R = Numerous and important restrictions on manufactured imports existed and therefore average tariff rates are not meaningful.
1. World Bank (1991, p. 97, Box table S.2) provides a similar table, partly drawing on Bairoch's own studies that form the basis of the above table. However, the World Bank figures, although in most cases very similar to Bairoch's figures, are unweighted averages, which are obviously less preferable to the weighted average ,figures that Bairoch provides.
2. These are very approximate rates, and give range of average rates, not extremes.
3. Austria-Hungary before 1925.
4. In 1820, Belgium was united with the Netherlands.
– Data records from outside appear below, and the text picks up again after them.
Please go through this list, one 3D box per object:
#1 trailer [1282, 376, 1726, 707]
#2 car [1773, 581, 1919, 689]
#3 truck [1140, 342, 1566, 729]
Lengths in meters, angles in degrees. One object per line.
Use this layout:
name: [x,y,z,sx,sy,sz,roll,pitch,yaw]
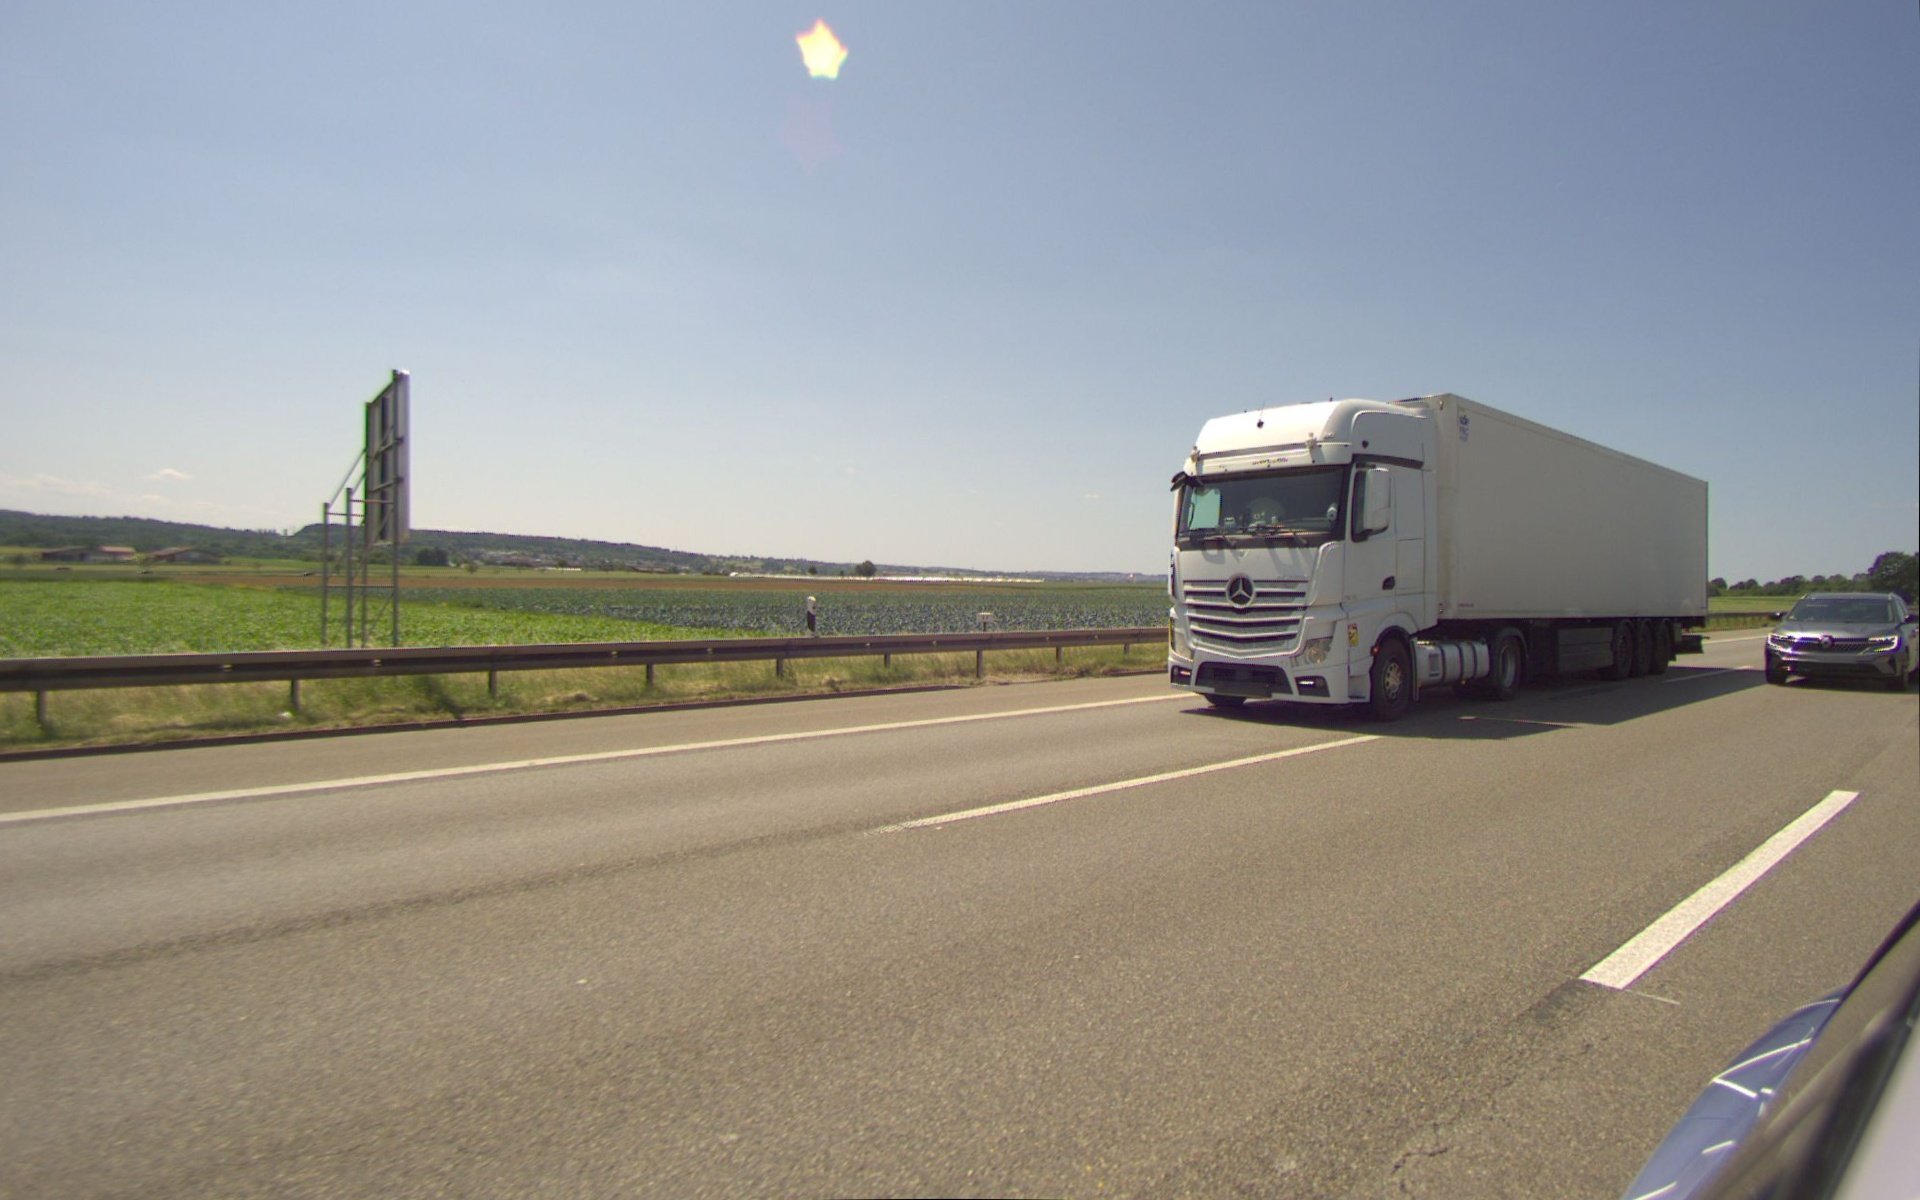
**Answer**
trailer: [10.657,-0.800,18.508,13.065,4.273,2.872,0,0,-42]
car: [16.107,0.544,18.029,4.565,1.669,1.854,0,1,-42]
truck: [5.756,-0.712,14.187,6.762,4.143,2.866,0,0,-42]

5. The 1820 figure is for Prussia only.
6. Before 1911, Japan was obliged to keep low tariff rates (up to 5%) through a series of 'unequal treaties' with the European countries and the USA. The World Bank table cited in note 1 above gives Japan's unweighted average tariff rate for all goods (not just manufactured goods) for the years 1925, 1930, 1950 as 13%, 19%, 4%.
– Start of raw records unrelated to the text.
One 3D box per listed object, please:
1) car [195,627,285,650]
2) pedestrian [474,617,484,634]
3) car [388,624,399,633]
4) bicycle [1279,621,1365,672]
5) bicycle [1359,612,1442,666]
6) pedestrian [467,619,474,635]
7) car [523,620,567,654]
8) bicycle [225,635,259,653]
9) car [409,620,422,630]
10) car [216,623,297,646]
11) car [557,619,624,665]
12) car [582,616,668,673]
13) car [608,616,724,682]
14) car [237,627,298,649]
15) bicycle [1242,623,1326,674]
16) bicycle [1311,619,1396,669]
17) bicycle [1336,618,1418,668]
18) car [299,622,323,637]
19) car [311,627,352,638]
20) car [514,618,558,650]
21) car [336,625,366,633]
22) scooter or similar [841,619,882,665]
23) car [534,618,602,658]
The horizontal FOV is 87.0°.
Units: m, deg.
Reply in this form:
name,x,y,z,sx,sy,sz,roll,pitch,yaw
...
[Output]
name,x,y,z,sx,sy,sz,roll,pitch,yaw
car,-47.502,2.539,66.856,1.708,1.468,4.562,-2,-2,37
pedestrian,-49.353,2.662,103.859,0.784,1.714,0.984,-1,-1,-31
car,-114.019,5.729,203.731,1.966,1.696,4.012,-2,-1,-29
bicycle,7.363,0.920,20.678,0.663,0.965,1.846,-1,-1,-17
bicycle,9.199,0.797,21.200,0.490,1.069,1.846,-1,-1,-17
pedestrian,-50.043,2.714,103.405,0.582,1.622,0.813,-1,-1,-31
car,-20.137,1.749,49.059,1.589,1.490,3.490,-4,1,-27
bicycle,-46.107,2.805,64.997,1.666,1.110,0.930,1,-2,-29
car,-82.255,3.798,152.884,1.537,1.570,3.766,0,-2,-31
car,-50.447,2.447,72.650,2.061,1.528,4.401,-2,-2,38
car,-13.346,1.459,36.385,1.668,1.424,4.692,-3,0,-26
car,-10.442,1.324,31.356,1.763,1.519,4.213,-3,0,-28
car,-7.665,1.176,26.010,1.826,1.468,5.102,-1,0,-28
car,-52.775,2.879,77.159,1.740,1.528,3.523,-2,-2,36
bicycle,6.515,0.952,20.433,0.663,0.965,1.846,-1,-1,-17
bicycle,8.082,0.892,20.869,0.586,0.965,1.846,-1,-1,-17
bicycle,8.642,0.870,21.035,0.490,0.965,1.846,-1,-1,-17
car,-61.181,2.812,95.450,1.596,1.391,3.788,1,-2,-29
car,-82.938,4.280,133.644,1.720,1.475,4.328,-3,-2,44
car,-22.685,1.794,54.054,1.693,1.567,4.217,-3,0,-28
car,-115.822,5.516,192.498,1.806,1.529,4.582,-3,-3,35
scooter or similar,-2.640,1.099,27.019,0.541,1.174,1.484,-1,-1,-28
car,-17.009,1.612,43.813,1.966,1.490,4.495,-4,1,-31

Despite these limitations, as I have pointed out in Chapter 1 and will show in more detail in the rest of this chapter, virtually all NDCs actively used interventionist industrial, trade and technology (ITT) policies that are aimed at promoting infant industries during their catch-up periods.[10] As we shall see later, there were some apparent exceptions to this, such as Switzerland and the Netherlands, but these were countries that were either at or very near the technological frontier and thus did not, by definition, need much infant industry promotion. Some countries used activist ITT policies even after the catch-up was successfully achieved (Britain in the early nineteenth century, the USA in the early twentieth century). Tariff protection was obviously a very important policy tool in the ITT policy package used by the NDCs, but, as we shall show later, it was by no means the only one used, or even necessarily the most important.
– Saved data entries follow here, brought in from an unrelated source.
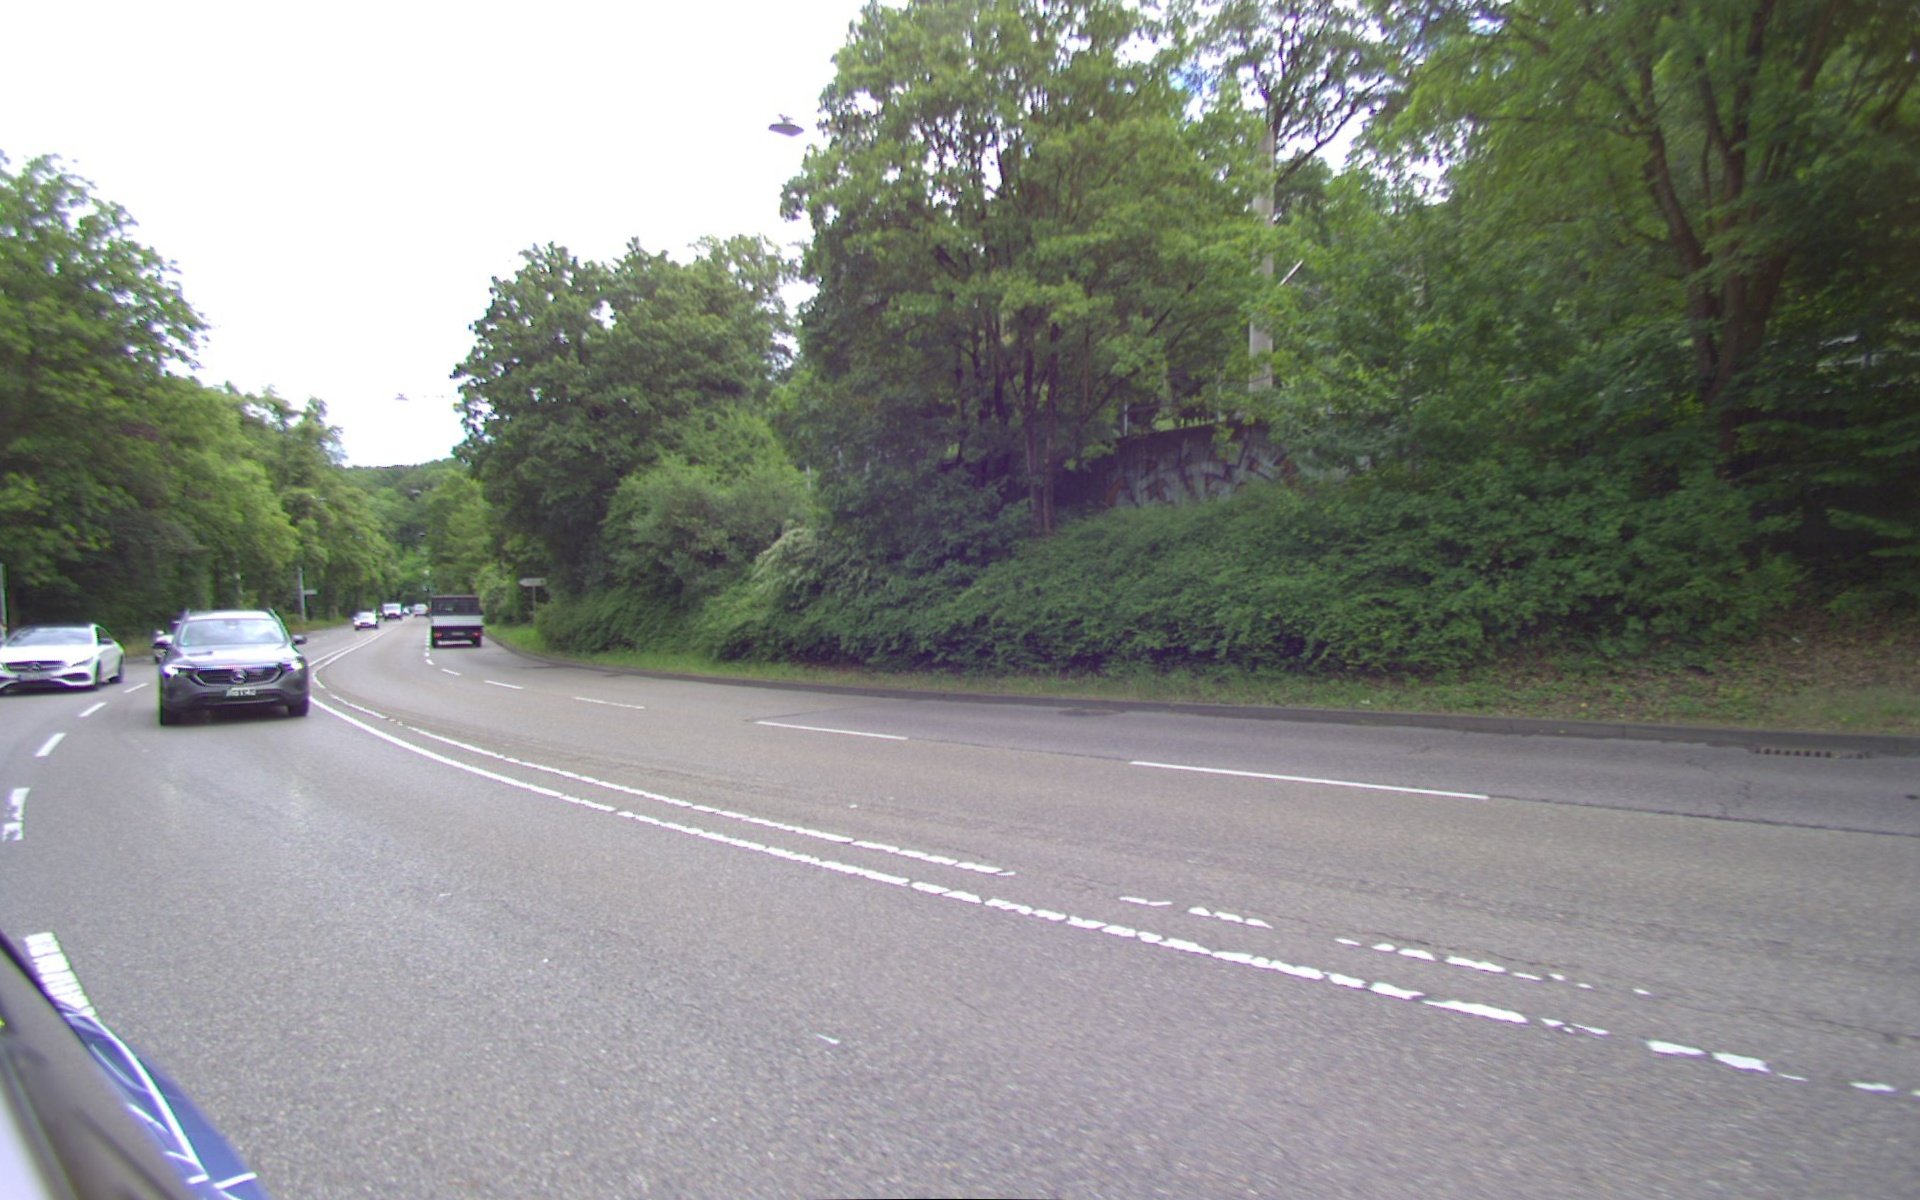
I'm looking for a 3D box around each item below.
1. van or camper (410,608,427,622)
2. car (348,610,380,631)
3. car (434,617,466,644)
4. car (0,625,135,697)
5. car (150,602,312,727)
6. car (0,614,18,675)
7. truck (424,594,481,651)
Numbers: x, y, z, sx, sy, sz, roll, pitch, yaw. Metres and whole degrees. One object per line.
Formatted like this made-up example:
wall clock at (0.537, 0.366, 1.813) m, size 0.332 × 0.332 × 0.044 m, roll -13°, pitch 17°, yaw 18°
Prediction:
van or camper at (-85.446, 2.297, 159.727) m, size 1.965 × 2.029 × 5.386 m, roll 5°, pitch -3°, yaw -26°
car at (-49.941, 1.746, 84.753) m, size 1.672 × 1.594 × 4.007 m, roll -5°, pitch 2°, yaw -39°
car at (-34.130, 2.015, 67.759) m, size 1.830 × 1.707 × 4.450 m, roll 2°, pitch -2°, yaw -26°
car at (-19.427, 1.241, 21.716) m, size 1.865 × 1.306 × 4.341 m, roll 0°, pitch -1°, yaw -28°
car at (-11.523, 0.897, 15.964) m, size 1.842 × 1.675 × 4.201 m, roll -1°, pitch 0°, yaw -37°
car at (-24.682, 1.161, 24.547) m, size 1.778 × 1.536 × 4.012 m, roll -4°, pitch 1°, yaw -30°
truck at (-23.105, 0.991, 45.930) m, size 2.130 × 2.389 × 6.699 m, roll 0°, pitch -1°, yaw -28°

On the trade front, subsidies and duty drawbacks on inputs for exported goods were frequently used to promote exports. Governments both provided industrial subsidies and used various public investment programmes, especially in infrastructure but also in manufacturing. They supported foreign technology acquisition, sometimes by legal means such as financing study tours and apprenticeships, and sometimes through illegal measures, which included support for industrial espionage, smuggling of contraband machinery and refusal to acknowledge foreign patents. Development of domestic technological capabilities was encouraged through financial support for research and development, education and training. Measures were also taken to raise awareness of advanced technologies (for example, the establishment of model factories, organisation of exhibitions, granting of free imported machinery to private sector firms). In addition, some governments created institutional mechanisms that facilitated public-private cooperation (for example, public-private joint ventures and industry associations with close links with the government). It is important to note that many of these policies are greatly frowned upon these days, even when they have not been made explicitly illegal through bilateral and multilateral agreements.